鍛冶屋の親父さんは、この新しい住人に気に掛けてくれている。ときどきめんどうをみてくれているのでありがたい。
親父さんには以前、鏃のことを相談していた。鍛冶場を訪ねてみると、鏃が何本もできていた。五寸釘を打ち直したもので、先端側は、鋭い四角錐になっていてシンプルなものだ。後端側は、矢柄の先の箆口に差し込むための茎子が伸びていた。これなら、あまり手間をかけず量産できるかもしれないと思った。
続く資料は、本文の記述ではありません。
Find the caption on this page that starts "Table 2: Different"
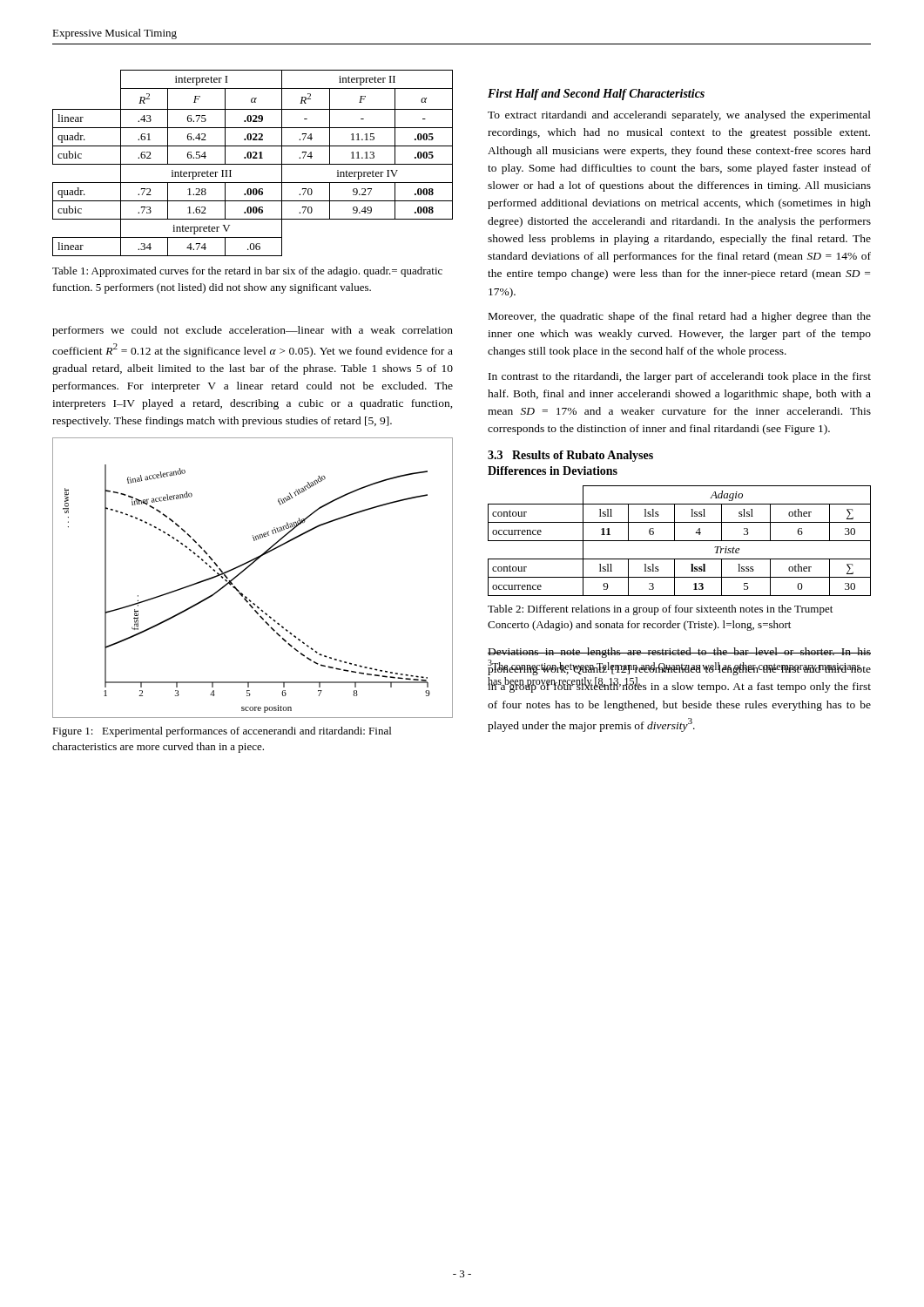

それから、アカリたちの強い希望だった平衡錘投石機の作製が始まった。設計図はできあがっていたので、まずは、おれが1/10の模型を作った。加工方法と組み上げ方は細かくカグヤちゃんに教えた。実物の作製はカグヤちゃんが中心になるそうだ。
「カグヤちゃん、とても大きなものになるから、気をつけるんだよ。大工寮のみんなと助け合ってね」
「はい! わたし、がんばります!」
シナツさんから大抜擢されたのがよほど嬉しいのか、カグヤちゃんはとてもはりきっている。
「カグヤ、頑張るのよ! シノのクルマを飛ばせるくらい大きなのを作るのよ!」
アカリが妙な声援を送る。
「……アカリ、よしてくれよ」
「ただのたとえよ」
「冗談に聞こえないんだけど……それにそこまで大きなものじゃないよ」
カグヤちゃんも、姉を諫める。
「お姉ちゃん、無茶言わないで。大人二人分くらいの重さの石を飛ばすのが限度だよ」
「それじゃつまらないわ。もっと大きくならないの?」
「い、いや、もう設計も試作も済んでるし……」
アカリはなおも設計を変更しろと食い下がってきたけど、無理なものは無理だ。投射腕の強度にも限界がある。アカリはしぶしぶ引き下がった。
「そう、仕方ないわね。じゃあ、飛ばす石はわたしが探してきてあげる!」
アカリはそういうと川の上流の方へと駆け出していた。まだできあがってもいないのに……。